Aku masuk ke markas kami dan langsung melihat seseorang yang kami kenal baik. “Eddie?” aku memastikan sambil menyipitkan mataku. “Eddie!!” aku langsung merentangkan tangan.
Pria yang kusebut namanya itu langsung memelukku erat. “Gadisku!”
“Apa-apaan ini? Kapan kau datang?” tanyaku memandang seluruh pakaiannya.

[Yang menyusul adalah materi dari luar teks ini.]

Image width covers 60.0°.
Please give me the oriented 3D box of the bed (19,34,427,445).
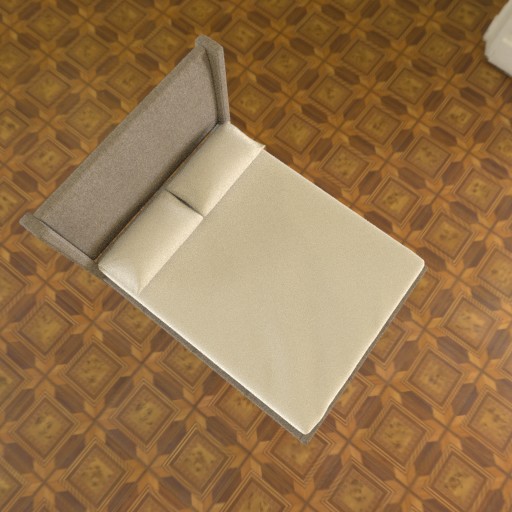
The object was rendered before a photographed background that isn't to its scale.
[{"bbox_3d":[0.000,0.000,3.315,2.245,1.481,1.714,36,77,10],"label":"bed"}]
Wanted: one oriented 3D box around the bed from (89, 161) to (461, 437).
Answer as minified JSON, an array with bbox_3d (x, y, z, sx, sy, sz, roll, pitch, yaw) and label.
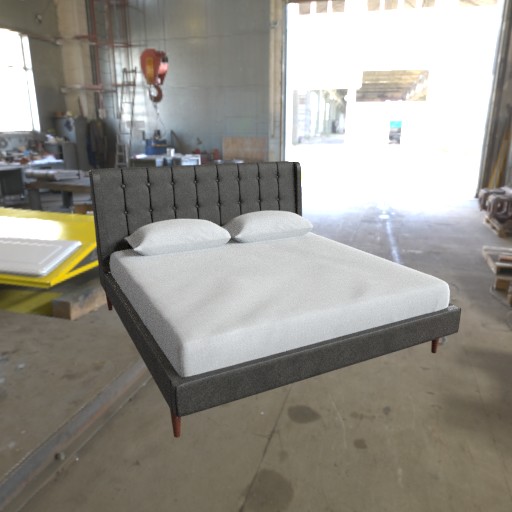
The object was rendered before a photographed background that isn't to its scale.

“Baru 5 menit yang lalu,” ia menyisir rambutnya dengan penuh gaya. “Aku ada urusan di kota ini dan kuputuskan untuk mampir sebentar.”
“Urusan?” aku memastikan.
“Acara pesta pameran,” ia memperlihatkan undangannya.
Mulutku terbuka sejenak, terdiam melihat lembar undangan yang ia tunjukkan.
“Kau mengetahuinya? Kau diundang?” ia langsung menangkap ekspresiku.
Kuarahkan dirinya untuk duduk di sofa kami. “Bukan aku, tapi Aaron,” jawabku.
“Detektif yang mengancam kalian itu?” ia nampak tidak begitu senang.
Perhatianku ke arah dua rekanku, mengetahui bahwa mereka sudah menceritakan yang terjadi padaku. “Kami bekerjasama sekarang,” kucoba memperbaiki suasana.
“Astaga! Aku tidak bisa membayangkan dirimu harus bekerjasama dengan orang lain di luar agensi,” ia menangkupkan tangan ke dadanya. “Itukah sebab kau harus ‘disembunyikan’?” nadanya begitu hati-hati saat mengatakan kalimat barusan.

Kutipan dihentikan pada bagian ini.